Make a verbatim copy of all the records. Skip every image.
··· Exercise input ···
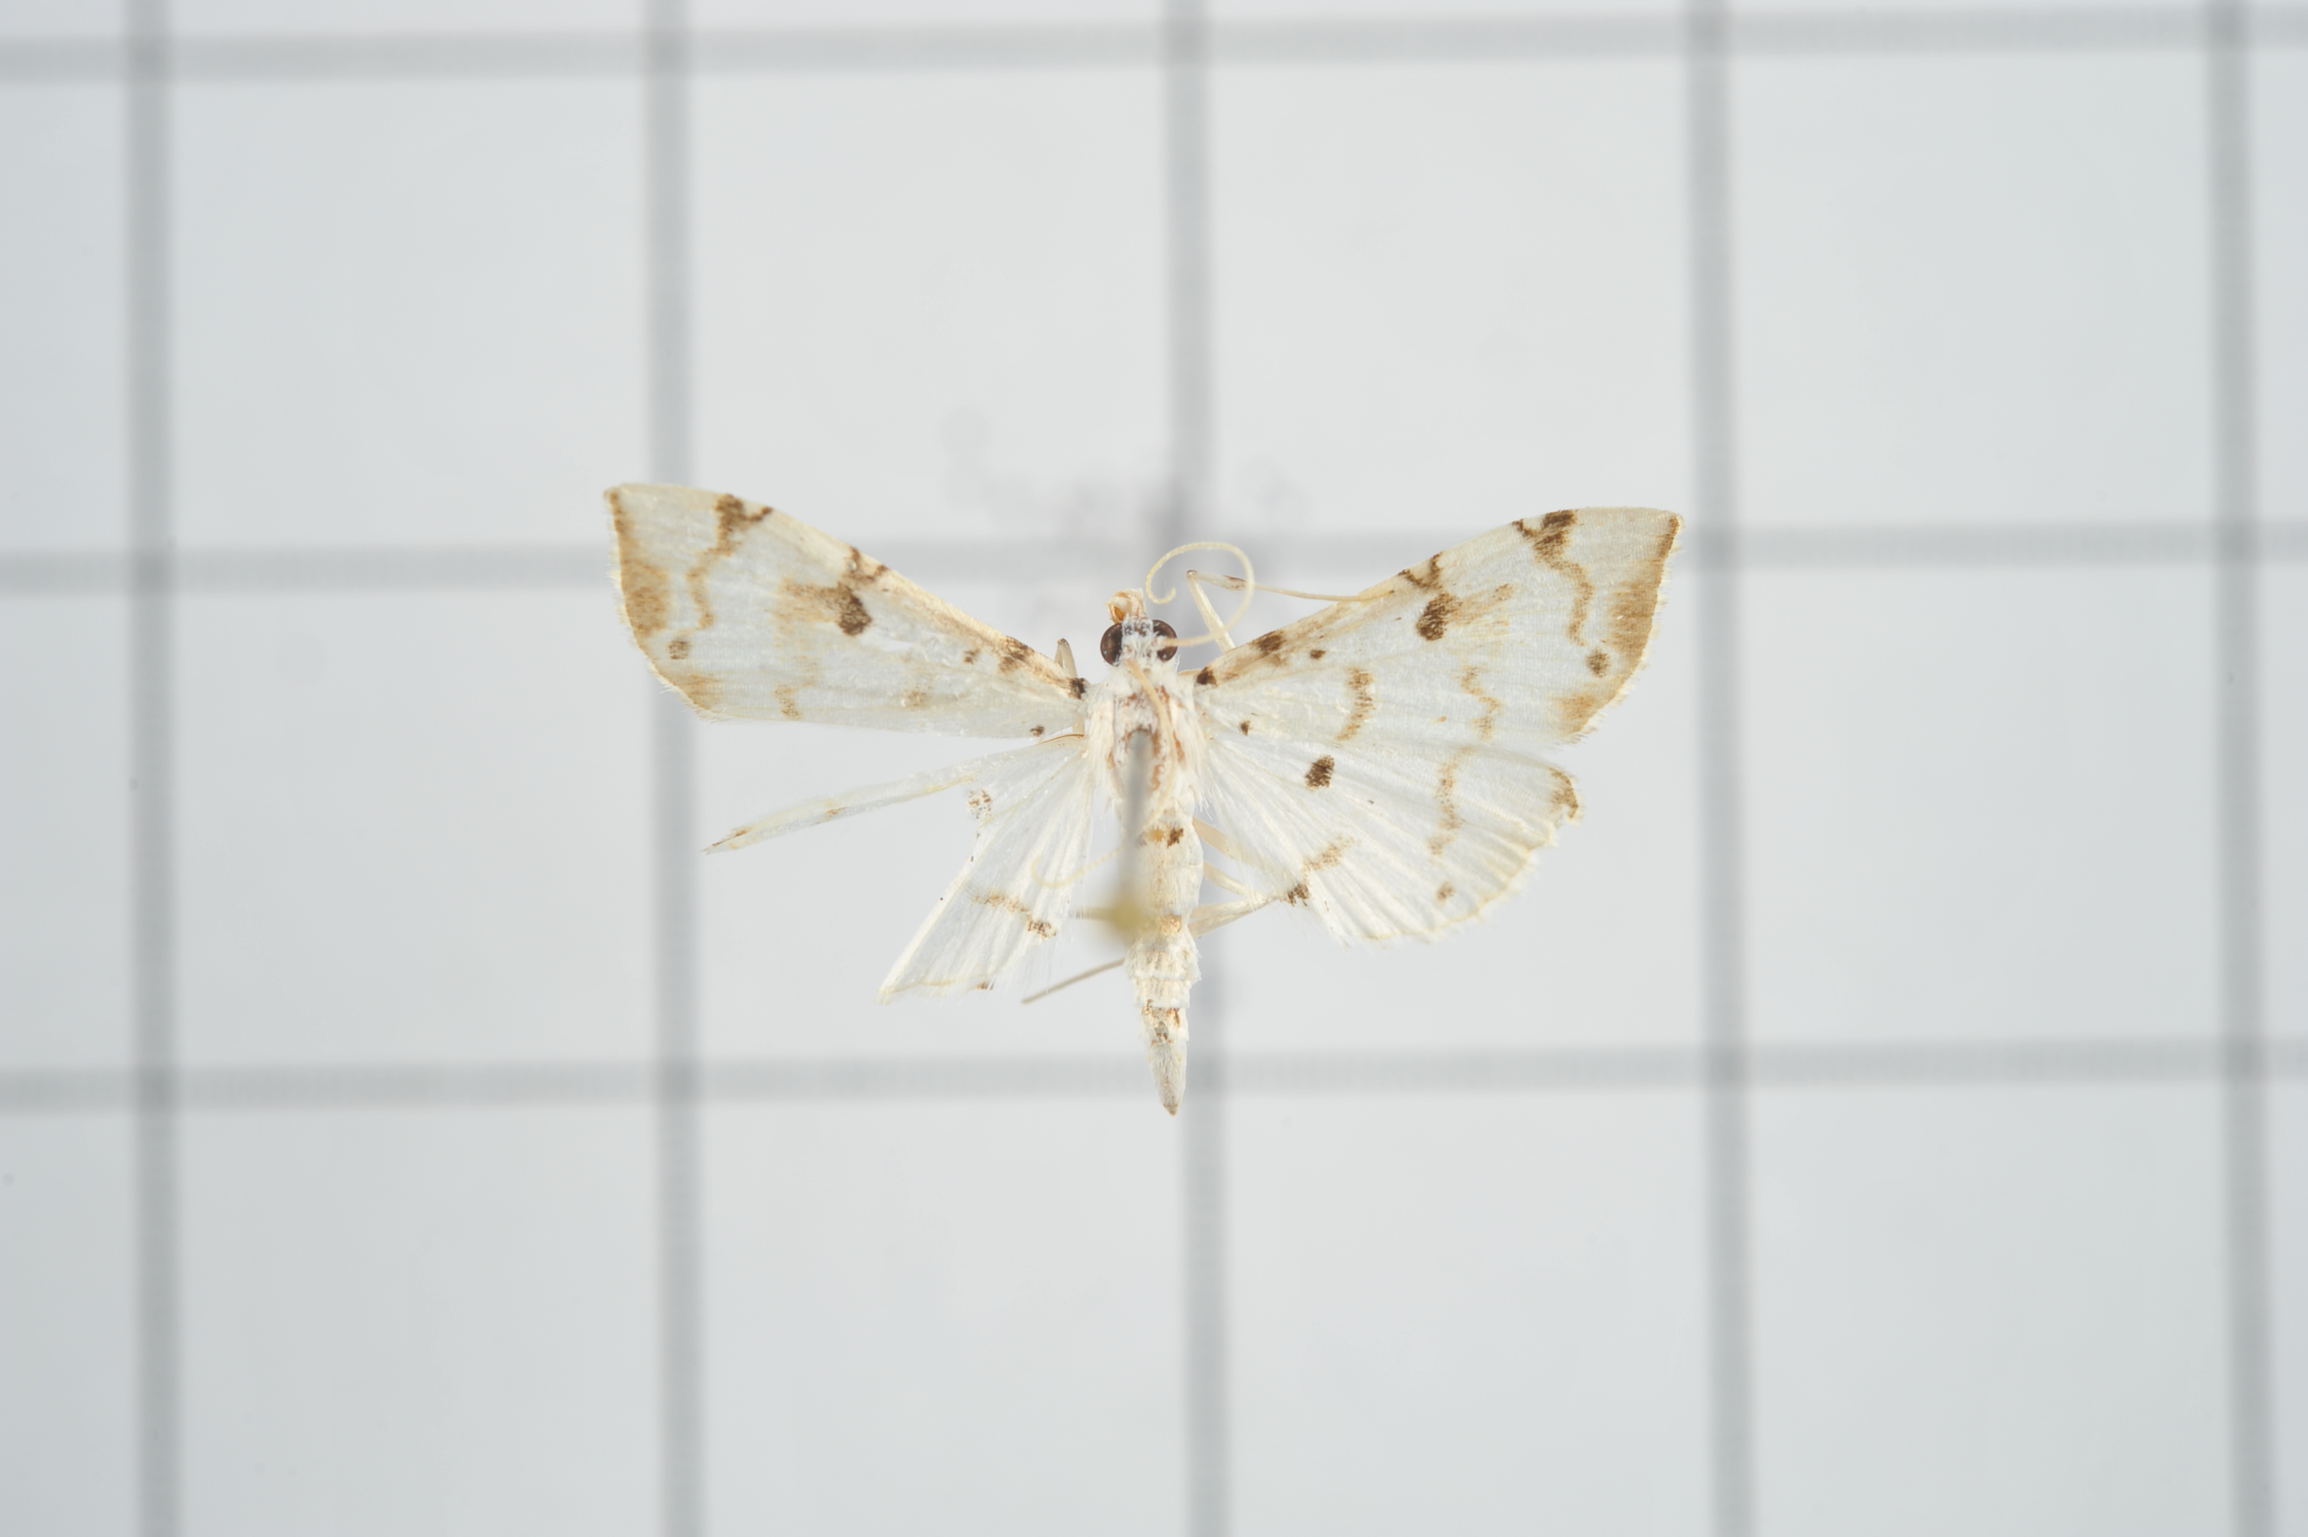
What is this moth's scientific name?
Pycnarmon meritalis
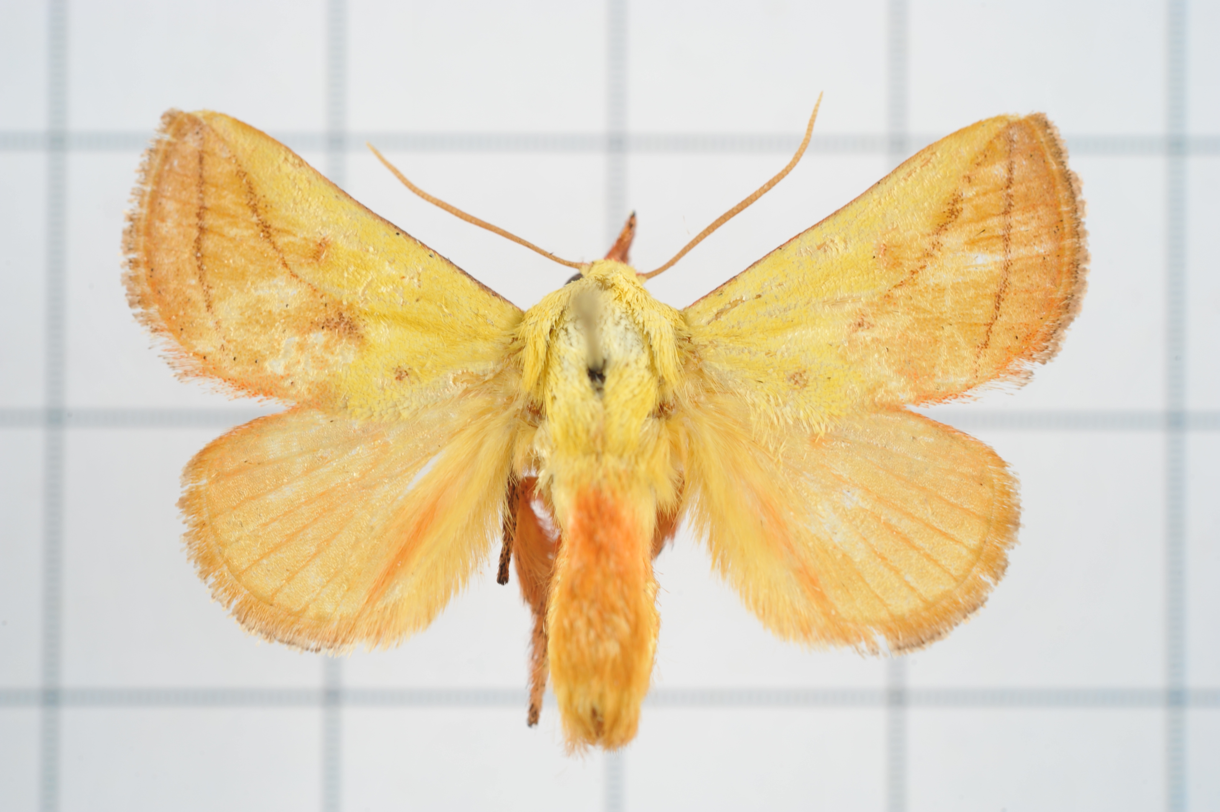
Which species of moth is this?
Monema rubriceps
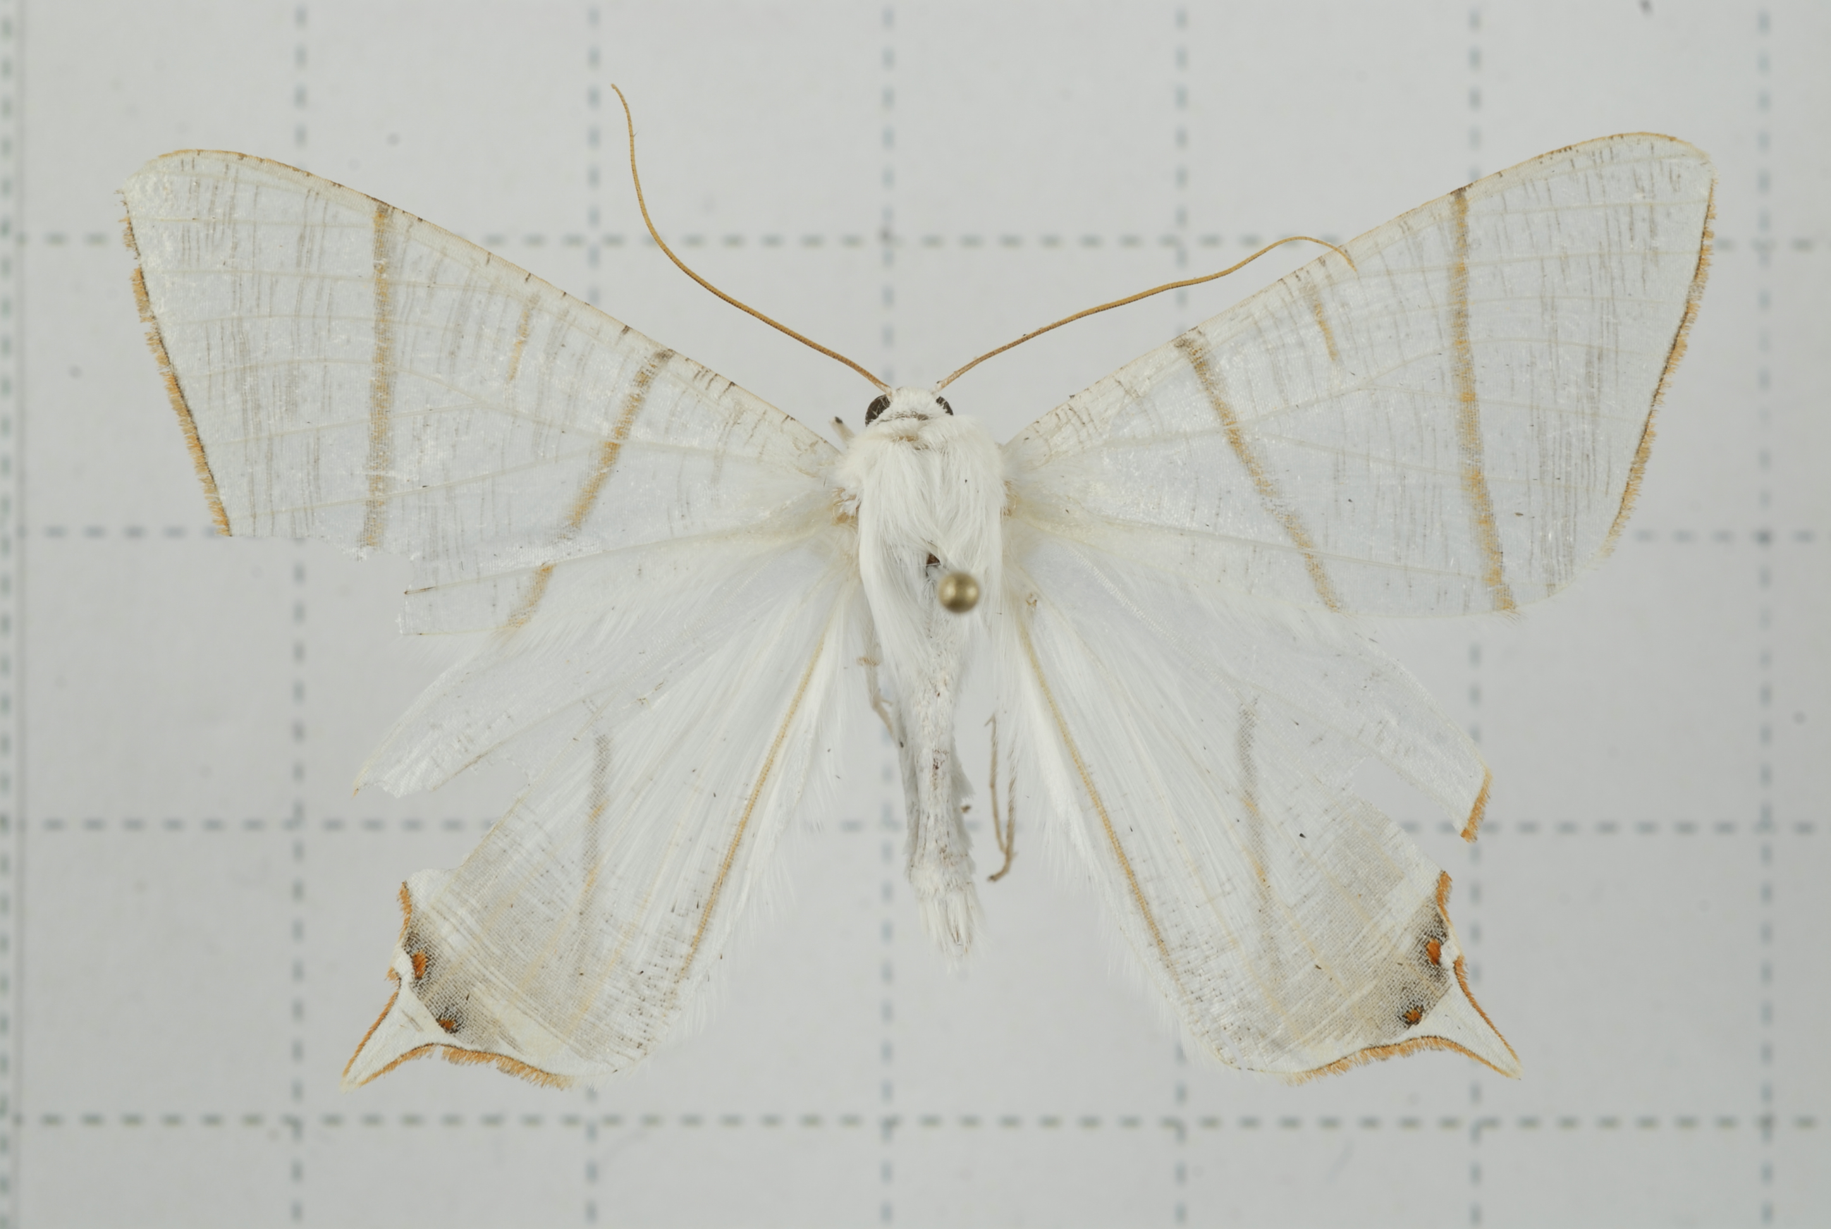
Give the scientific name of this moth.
···
**Your response**
What is this moth's scientific name?
Pycnarmon meritalis
Which species of moth is this?
Monema rubriceps
Give the scientific name of this moth.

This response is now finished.